(MATERIAL FOR THE TASK):
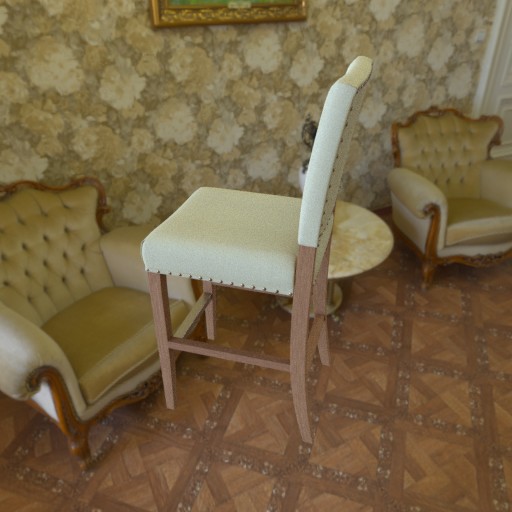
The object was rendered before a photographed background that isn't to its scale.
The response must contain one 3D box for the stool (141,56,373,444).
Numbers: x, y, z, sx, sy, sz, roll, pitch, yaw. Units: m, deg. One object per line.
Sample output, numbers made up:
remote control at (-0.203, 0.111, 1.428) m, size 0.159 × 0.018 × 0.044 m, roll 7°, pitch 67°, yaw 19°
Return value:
stool at (0.000, 0.000, 1.447) m, size 0.584 × 1.168 × 0.445 m, roll 9°, pitch 32°, yaw 14°
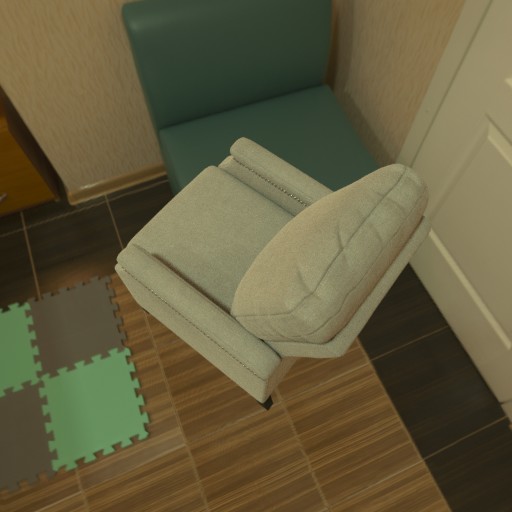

(GOAL OF THE EXERCISE):
Repeat all of the entries above word for word and omit the pictures.

(RESPONSE AREA):
The object was rendered before a photographed background that isn't to its scale.
The response must contain one 3D box for the stool (141,56,373,444).
Numbers: x, y, z, sx, sy, sz, roll, pitch, yaw. Units: m, deg. One object per line.
Sample output, numbers made up:
remote control at (-0.203, 0.111, 1.428) m, size 0.159 × 0.018 × 0.044 m, roll 7°, pitch 67°, yaw 19°
Return value:
stool at (0.000, 0.000, 1.447) m, size 0.584 × 1.168 × 0.445 m, roll 9°, pitch 32°, yaw 14°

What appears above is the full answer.